**PROBLEM DESCRIPTION:**
Set the data down again, word for word, as it appears below.

**DATASET CONTENT:**
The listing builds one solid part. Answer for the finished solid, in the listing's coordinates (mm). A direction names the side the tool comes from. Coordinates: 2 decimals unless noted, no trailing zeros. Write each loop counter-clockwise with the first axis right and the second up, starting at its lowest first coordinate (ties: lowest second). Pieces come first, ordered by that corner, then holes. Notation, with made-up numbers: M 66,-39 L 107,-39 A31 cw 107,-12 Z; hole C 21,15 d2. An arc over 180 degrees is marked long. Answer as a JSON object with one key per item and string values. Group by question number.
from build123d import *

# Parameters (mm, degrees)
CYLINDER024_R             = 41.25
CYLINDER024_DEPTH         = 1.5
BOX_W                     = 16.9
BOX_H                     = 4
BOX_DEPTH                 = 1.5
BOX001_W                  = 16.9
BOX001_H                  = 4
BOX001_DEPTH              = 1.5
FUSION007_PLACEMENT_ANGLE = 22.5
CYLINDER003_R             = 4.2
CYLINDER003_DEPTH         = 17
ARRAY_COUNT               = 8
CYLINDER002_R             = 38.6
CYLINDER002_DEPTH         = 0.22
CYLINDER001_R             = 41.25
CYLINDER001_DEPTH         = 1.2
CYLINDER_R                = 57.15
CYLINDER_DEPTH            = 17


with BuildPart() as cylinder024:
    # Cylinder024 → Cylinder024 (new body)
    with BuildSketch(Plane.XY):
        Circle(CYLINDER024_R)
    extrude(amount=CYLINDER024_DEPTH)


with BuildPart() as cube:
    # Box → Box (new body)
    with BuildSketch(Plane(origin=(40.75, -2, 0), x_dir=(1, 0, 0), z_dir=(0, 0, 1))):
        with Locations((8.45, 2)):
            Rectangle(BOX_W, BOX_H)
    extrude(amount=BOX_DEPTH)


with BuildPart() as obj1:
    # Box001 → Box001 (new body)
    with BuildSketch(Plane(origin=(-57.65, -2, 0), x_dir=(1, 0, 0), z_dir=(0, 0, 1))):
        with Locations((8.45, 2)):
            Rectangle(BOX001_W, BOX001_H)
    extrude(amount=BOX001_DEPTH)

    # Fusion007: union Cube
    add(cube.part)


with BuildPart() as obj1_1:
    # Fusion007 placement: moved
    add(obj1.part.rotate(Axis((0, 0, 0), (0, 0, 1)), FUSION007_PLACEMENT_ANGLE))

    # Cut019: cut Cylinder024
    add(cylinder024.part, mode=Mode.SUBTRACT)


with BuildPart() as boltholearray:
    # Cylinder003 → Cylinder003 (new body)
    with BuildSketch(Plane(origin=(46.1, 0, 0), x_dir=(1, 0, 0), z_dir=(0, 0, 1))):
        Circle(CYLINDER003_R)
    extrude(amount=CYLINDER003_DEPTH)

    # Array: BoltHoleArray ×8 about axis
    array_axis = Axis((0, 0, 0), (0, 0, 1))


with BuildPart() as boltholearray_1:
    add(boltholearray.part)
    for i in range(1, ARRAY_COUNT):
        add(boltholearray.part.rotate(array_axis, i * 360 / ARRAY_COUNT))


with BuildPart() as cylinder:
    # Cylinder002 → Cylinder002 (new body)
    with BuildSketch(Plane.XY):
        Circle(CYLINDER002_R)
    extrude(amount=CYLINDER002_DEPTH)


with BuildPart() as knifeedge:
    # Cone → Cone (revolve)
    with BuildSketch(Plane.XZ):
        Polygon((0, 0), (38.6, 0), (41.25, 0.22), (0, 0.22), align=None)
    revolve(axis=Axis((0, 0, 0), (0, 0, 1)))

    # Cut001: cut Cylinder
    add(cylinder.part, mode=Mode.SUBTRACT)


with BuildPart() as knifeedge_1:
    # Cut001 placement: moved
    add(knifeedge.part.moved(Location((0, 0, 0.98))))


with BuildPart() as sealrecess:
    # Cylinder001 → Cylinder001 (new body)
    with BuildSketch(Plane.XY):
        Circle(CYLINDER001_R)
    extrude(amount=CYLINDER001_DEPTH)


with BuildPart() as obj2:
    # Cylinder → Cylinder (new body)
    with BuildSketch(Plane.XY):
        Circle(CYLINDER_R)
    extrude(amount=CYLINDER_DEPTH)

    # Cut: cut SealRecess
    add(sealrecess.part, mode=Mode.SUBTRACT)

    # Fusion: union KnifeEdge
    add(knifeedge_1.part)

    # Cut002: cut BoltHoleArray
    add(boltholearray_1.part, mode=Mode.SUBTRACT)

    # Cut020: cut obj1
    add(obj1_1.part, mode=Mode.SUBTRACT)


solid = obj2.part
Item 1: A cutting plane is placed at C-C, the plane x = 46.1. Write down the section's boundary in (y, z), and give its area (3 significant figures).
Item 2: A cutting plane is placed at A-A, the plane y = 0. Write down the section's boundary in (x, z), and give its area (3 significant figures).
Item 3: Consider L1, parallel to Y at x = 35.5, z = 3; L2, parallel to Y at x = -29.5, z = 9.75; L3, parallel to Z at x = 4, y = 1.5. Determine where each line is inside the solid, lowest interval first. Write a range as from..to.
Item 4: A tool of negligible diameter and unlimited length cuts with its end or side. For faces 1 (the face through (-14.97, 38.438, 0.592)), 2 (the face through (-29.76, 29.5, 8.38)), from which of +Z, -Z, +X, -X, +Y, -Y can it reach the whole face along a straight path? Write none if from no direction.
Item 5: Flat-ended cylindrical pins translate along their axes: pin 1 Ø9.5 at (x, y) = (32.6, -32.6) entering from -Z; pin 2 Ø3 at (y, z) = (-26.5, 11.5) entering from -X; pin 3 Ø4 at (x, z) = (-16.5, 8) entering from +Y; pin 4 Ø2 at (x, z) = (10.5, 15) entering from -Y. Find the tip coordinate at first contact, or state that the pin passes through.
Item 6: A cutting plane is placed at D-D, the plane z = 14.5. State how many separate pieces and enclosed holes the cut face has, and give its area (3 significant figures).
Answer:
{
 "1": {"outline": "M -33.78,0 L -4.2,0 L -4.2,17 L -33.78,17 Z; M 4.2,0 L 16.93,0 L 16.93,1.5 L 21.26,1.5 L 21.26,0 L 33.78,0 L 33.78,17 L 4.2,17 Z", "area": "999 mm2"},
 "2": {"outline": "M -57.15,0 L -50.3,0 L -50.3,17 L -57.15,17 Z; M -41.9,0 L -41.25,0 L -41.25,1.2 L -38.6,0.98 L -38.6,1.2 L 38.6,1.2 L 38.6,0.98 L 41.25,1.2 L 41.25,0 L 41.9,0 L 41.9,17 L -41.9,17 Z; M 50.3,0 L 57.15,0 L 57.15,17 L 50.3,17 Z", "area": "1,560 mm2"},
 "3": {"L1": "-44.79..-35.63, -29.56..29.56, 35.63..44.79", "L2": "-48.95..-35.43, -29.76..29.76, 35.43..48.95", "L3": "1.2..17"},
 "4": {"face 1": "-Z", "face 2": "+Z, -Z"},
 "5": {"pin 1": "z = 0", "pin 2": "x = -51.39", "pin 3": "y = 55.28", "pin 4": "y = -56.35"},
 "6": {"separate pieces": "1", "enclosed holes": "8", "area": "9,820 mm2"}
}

**REPLY:**
The listing builds one solid part. Answer for the finished solid, in the listing's coordinates (mm). A direction names the side the tool comes from. Coordinates: 2 decimals unless noted, no trailing zeros. Write each loop counter-clockwise with the first axis right and the second up, starting at its lowest first coordinate (ties: lowest second). Pieces come first, ordered by that corner, then holes. Notation, with made-up numbers: M 66,-39 L 107,-39 A31 cw 107,-12 Z; hole C 21,15 d2. An arc over 180 degrees is marked long. Answer as a JSON object with one key per item and string values. Group by question number.
from build123d import *

# Parameters (mm, degrees)
CYLINDER024_R             = 41.25
CYLINDER024_DEPTH         = 1.5
BOX_W                     = 16.9
BOX_H                     = 4
BOX_DEPTH                 = 1.5
BOX001_W                  = 16.9
BOX001_H                  = 4
BOX001_DEPTH              = 1.5
FUSION007_PLACEMENT_ANGLE = 22.5
CYLINDER003_R             = 4.2
CYLINDER003_DEPTH         = 17
ARRAY_COUNT               = 8
CYLINDER002_R             = 38.6
CYLINDER002_DEPTH         = 0.22
CYLINDER001_R             = 41.25
CYLINDER001_DEPTH         = 1.2
CYLINDER_R                = 57.15
CYLINDER_DEPTH            = 17


with BuildPart() as cylinder024:
    # Cylinder024 → Cylinder024 (new body)
    with BuildSketch(Plane.XY):
        Circle(CYLINDER024_R)
    extrude(amount=CYLINDER024_DEPTH)


with BuildPart() as cube:
    # Box → Box (new body)
    with BuildSketch(Plane(origin=(40.75, -2, 0), x_dir=(1, 0, 0), z_dir=(0, 0, 1))):
        with Locations((8.45, 2)):
            Rectangle(BOX_W, BOX_H)
    extrude(amount=BOX_DEPTH)


with BuildPart() as obj1:
    # Box001 → Box001 (new body)
    with BuildSketch(Plane(origin=(-57.65, -2, 0), x_dir=(1, 0, 0), z_dir=(0, 0, 1))):
        with Locations((8.45, 2)):
            Rectangle(BOX001_W, BOX001_H)
    extrude(amount=BOX001_DEPTH)

    # Fusion007: union Cube
    add(cube.part)


with BuildPart() as obj1_1:
    # Fusion007 placement: moved
    add(obj1.part.rotate(Axis((0, 0, 0), (0, 0, 1)), FUSION007_PLACEMENT_ANGLE))

    # Cut019: cut Cylinder024
    add(cylinder024.part, mode=Mode.SUBTRACT)


with BuildPart() as boltholearray:
    # Cylinder003 → Cylinder003 (new body)
    with BuildSketch(Plane(origin=(46.1, 0, 0), x_dir=(1, 0, 0), z_dir=(0, 0, 1))):
        Circle(CYLINDER003_R)
    extrude(amount=CYLINDER003_DEPTH)

    # Array: BoltHoleArray ×8 about axis
    array_axis = Axis((0, 0, 0), (0, 0, 1))


with BuildPart() as boltholearray_1:
    add(boltholearray.part)
    for i in range(1, ARRAY_COUNT):
        add(boltholearray.part.rotate(array_axis, i * 360 / ARRAY_COUNT))


with BuildPart() as cylinder:
    # Cylinder002 → Cylinder002 (new body)
    with BuildSketch(Plane.XY):
        Circle(CYLINDER002_R)
    extrude(amount=CYLINDER002_DEPTH)


with BuildPart() as knifeedge:
    # Cone → Cone (revolve)
    with BuildSketch(Plane.XZ):
        Polygon((0, 0), (38.6, 0), (41.25, 0.22), (0, 0.22), align=None)
    revolve(axis=Axis((0, 0, 0), (0, 0, 1)))

    # Cut001: cut Cylinder
    add(cylinder.part, mode=Mode.SUBTRACT)


with BuildPart() as knifeedge_1:
    # Cut001 placement: moved
    add(knifeedge.part.moved(Location((0, 0, 0.98))))


with BuildPart() as sealrecess:
    # Cylinder001 → Cylinder001 (new body)
    with BuildSketch(Plane.XY):
        Circle(CYLINDER001_R)
    extrude(amount=CYLINDER001_DEPTH)


with BuildPart() as obj2:
    # Cylinder → Cylinder (new body)
    with BuildSketch(Plane.XY):
        Circle(CYLINDER_R)
    extrude(amount=CYLINDER_DEPTH)

    # Cut: cut SealRecess
    add(sealrecess.part, mode=Mode.SUBTRACT)

    # Fusion: union KnifeEdge
    add(knifeedge_1.part)

    # Cut002: cut BoltHoleArray
    add(boltholearray_1.part, mode=Mode.SUBTRACT)

    # Cut020: cut obj1
    add(obj1_1.part, mode=Mode.SUBTRACT)


solid = obj2.part
Item 1: A cutting plane is placed at C-C, the plane x = 46.1. Write down the section's boundary in (y, z), and give its area (3 significant figures).
Item 2: A cutting plane is placed at A-A, the plane y = 0. Write down the section's boundary in (x, z), and give its area (3 significant figures).
Item 3: Consider L1, parallel to Y at x = 35.5, z = 3; L2, parallel to Y at x = -29.5, z = 9.75; L3, parallel to Z at x = 4, y = 1.5. Determine where each line is inside the solid, lowest interval first. Write a range as from..to.
Item 4: A tool of negligible diameter and unlimited length cuts with its end or side. For faces 1 (the face through (-14.97, 38.438, 0.592)), 2 (the face through (-29.76, 29.5, 8.38)), from which of +Z, -Z, +X, -X, +Y, -Y can it reach the whole face along a straight path? Write none if from no direction.
Item 5: Flat-ended cylindrical pins translate along their axes: pin 1 Ø9.5 at (x, y) = (32.6, -32.6) entering from -Z; pin 2 Ø3 at (y, z) = (-26.5, 11.5) entering from -X; pin 3 Ø4 at (x, z) = (-16.5, 8) entering from +Y; pin 4 Ø2 at (x, z) = (10.5, 15) entering from -Y. Find the tip coordinate at first contact, or state that the pin passes through.
Item 6: A cutting plane is placed at D-D, the plane z = 14.5. State how many separate pieces and enclosed holes the cut face has, and give its area (3 significant figures).
Answer:
{
 "1": {"outline": "M -33.78,0 L -4.2,0 L -4.2,17 L -33.78,17 Z; M 4.2,0 L 16.93,0 L 16.93,1.5 L 21.26,1.5 L 21.26,0 L 33.78,0 L 33.78,17 L 4.2,17 Z", "area": "999 mm2"},
 "2": {"outline": "M -57.15,0 L -50.3,0 L -50.3,17 L -57.15,17 Z; M -41.9,0 L -41.25,0 L -41.25,1.2 L -38.6,0.98 L -38.6,1.2 L 38.6,1.2 L 38.6,0.98 L 41.25,1.2 L 41.25,0 L 41.9,0 L 41.9,17 L -41.9,17 Z; M 50.3,0 L 57.15,0 L 57.15,17 L 50.3,17 Z", "area": "1,560 mm2"},
 "3": {"L1": "-44.79..-35.63, -29.56..29.56, 35.63..44.79", "L2": "-48.95..-35.43, -29.76..29.76, 35.43..48.95", "L3": "1.2..17"},
 "4": {"face 1": "-Z", "face 2": "+Z, -Z"},
 "5": {"pin 1": "z = 0", "pin 2": "x = -51.39", "pin 3": "y = 55.28", "pin 4": "y = -56.35"},
 "6": {"separate pieces": "1", "enclosed holes": "8", "area": "9,820 mm2"}
}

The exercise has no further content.